INSTRUCTIONS TO FOLLOW>
In the listing below, how many lines contain the word "gegadigde"? Please respond with the number only.
■ ■ ■
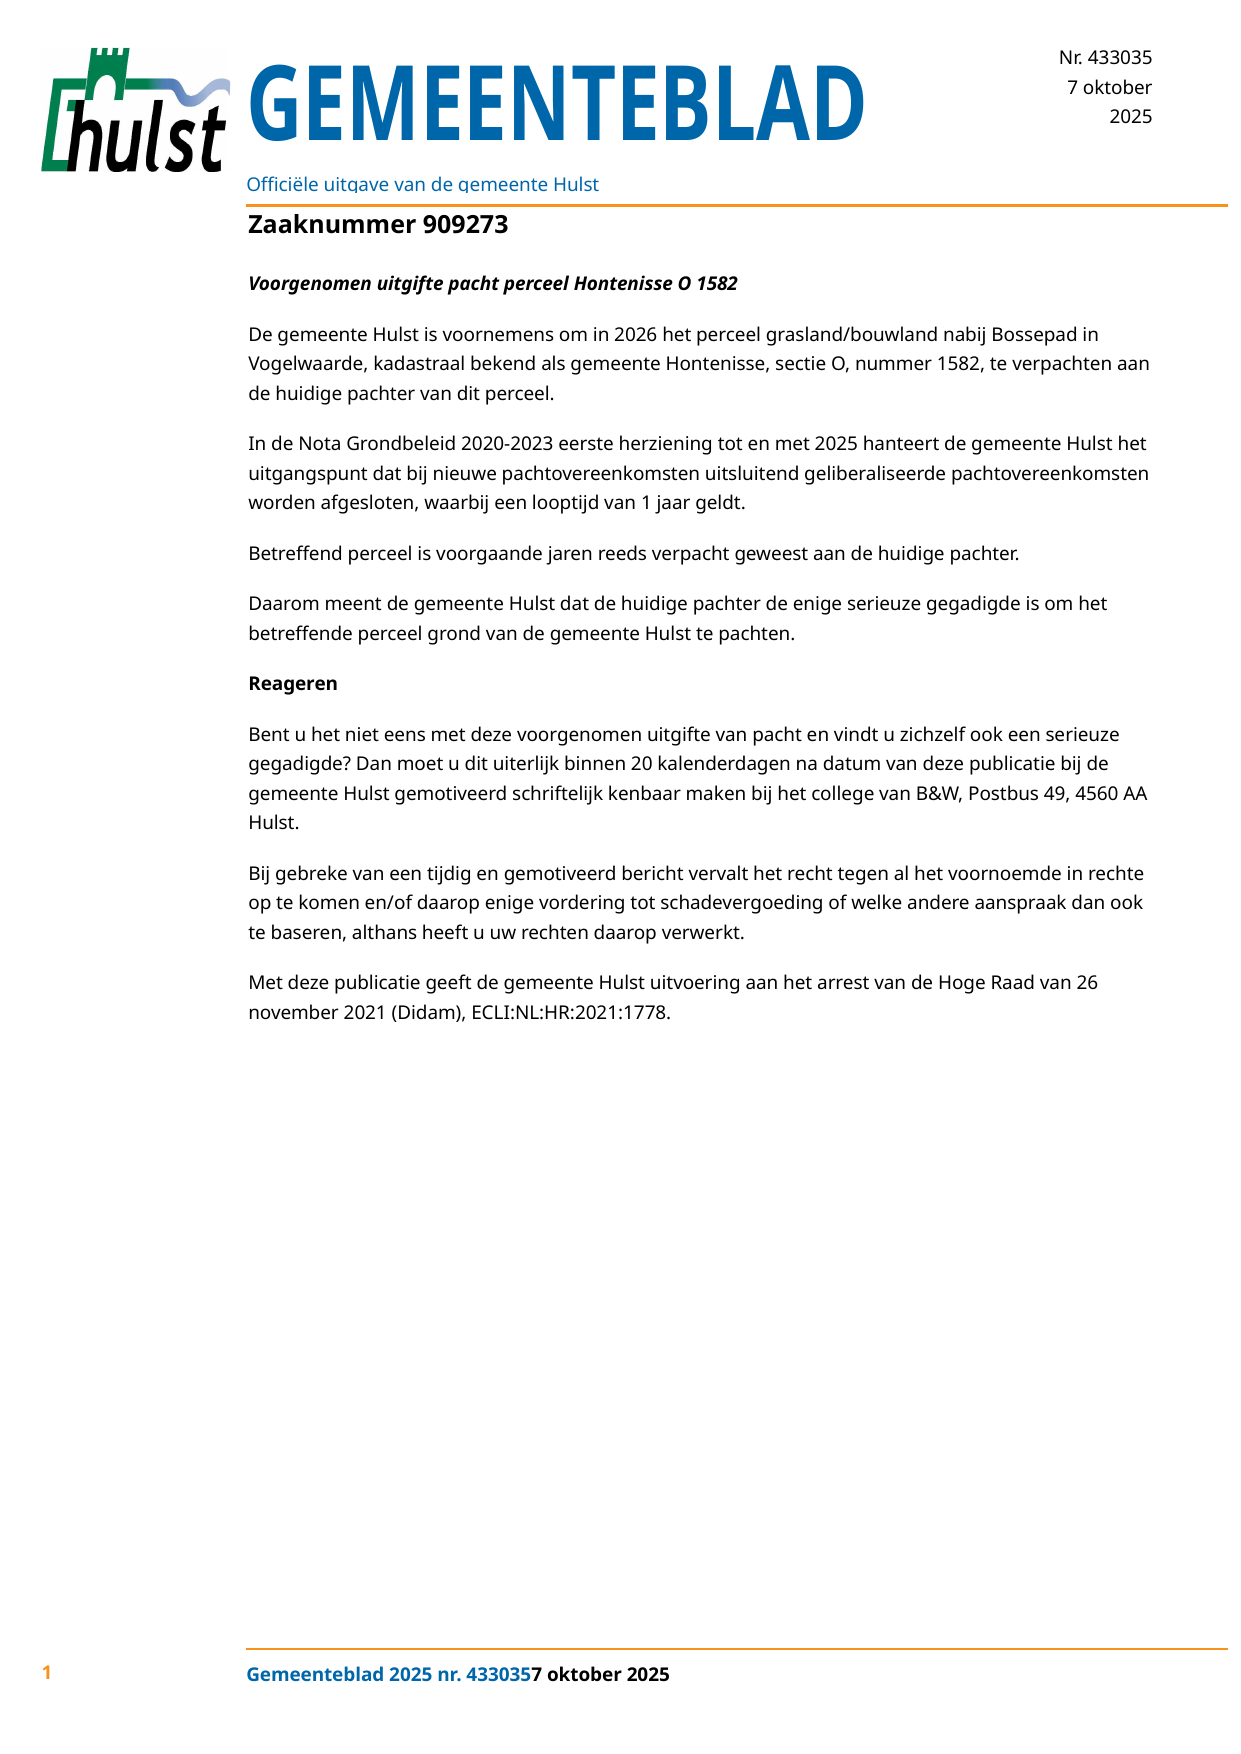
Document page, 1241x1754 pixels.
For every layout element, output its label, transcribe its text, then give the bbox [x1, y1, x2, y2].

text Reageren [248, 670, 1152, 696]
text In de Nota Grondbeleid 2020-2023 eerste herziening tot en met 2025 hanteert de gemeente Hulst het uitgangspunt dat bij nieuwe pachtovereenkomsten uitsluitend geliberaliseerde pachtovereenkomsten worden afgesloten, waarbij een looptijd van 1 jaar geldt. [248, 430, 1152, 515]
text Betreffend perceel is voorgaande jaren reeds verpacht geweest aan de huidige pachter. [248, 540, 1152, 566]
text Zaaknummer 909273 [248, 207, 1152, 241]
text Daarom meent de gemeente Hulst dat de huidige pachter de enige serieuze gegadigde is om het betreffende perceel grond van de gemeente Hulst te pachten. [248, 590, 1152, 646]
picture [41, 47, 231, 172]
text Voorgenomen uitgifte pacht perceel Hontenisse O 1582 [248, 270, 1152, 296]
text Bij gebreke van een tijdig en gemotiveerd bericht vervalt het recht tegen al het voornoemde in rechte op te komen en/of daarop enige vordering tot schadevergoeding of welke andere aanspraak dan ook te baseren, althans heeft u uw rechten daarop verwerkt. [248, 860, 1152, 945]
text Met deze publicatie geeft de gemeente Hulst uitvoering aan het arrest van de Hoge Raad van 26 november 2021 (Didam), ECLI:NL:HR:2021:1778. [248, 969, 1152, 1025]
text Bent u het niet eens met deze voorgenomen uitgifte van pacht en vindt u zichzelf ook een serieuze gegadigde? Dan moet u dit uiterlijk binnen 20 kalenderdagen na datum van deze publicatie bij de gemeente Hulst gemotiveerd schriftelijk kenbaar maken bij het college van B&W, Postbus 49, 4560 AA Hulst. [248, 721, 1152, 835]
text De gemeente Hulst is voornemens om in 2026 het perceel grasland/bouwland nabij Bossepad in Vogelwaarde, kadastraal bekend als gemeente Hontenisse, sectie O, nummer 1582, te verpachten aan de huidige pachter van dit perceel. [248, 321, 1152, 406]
■ ■ ■
THE COMPLETED TASK>
2